**INFORMATION SHOWN:**
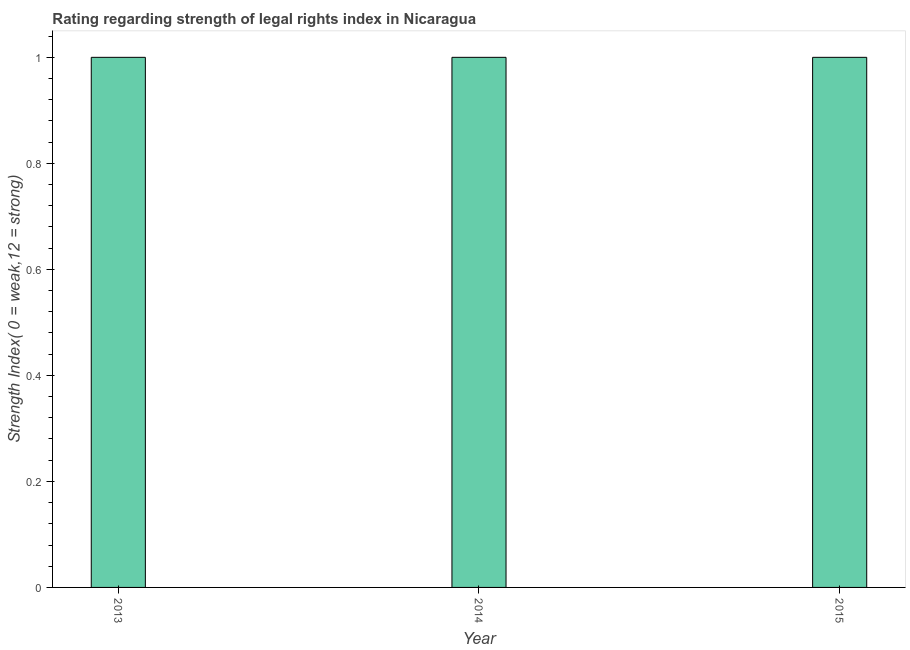Does the graph contain grids?
Offer a very short reply. No. What is the title of the graph?
Offer a terse response. Rating regarding strength of legal rights index in Nicaragua. What is the label or title of the X-axis?
Ensure brevity in your answer.  Year. What is the label or title of the Y-axis?
Ensure brevity in your answer.  Strength Index( 0 = weak,12 = strong). Across all years, what is the maximum strength of legal rights index?
Keep it short and to the point. 1. Across all years, what is the minimum strength of legal rights index?
Give a very brief answer. 1. In which year was the strength of legal rights index maximum?
Provide a short and direct response. 2013. What is the average strength of legal rights index per year?
Your answer should be very brief. 1. In how many years, is the strength of legal rights index greater than 0.44 ?
Offer a very short reply. 3. What is the ratio of the strength of legal rights index in 2014 to that in 2015?
Offer a terse response. 1. Is the strength of legal rights index in 2014 less than that in 2015?
Make the answer very short. No. How many bars are there?
Provide a succinct answer. 3. Are all the bars in the graph horizontal?
Make the answer very short. No. What is the difference between two consecutive major ticks on the Y-axis?
Give a very brief answer. 0.2. Are the values on the major ticks of Y-axis written in scientific E-notation?
Provide a succinct answer. No. What is the Strength Index( 0 = weak,12 = strong) in 2015?
Your answer should be compact. 1. What is the difference between the Strength Index( 0 = weak,12 = strong) in 2013 and 2015?
Give a very brief answer. 0. What is the ratio of the Strength Index( 0 = weak,12 = strong) in 2013 to that in 2014?
Provide a short and direct response. 1. What is the ratio of the Strength Index( 0 = weak,12 = strong) in 2013 to that in 2015?
Your response must be concise. 1. What is the ratio of the Strength Index( 0 = weak,12 = strong) in 2014 to that in 2015?
Ensure brevity in your answer.  1.

**EXERCISE DESCRIPTION:**
Search the data and copy each line containing "direct".

**EXERCISE RESPONSE:**
Provide a short and direct response. 2013. What is the average strength of legal rights index per year?
Provide a short and direct response. 1. What is the ratio of the Strength Index( 0 = weak,12 = strong) in 2013 to that in 2015?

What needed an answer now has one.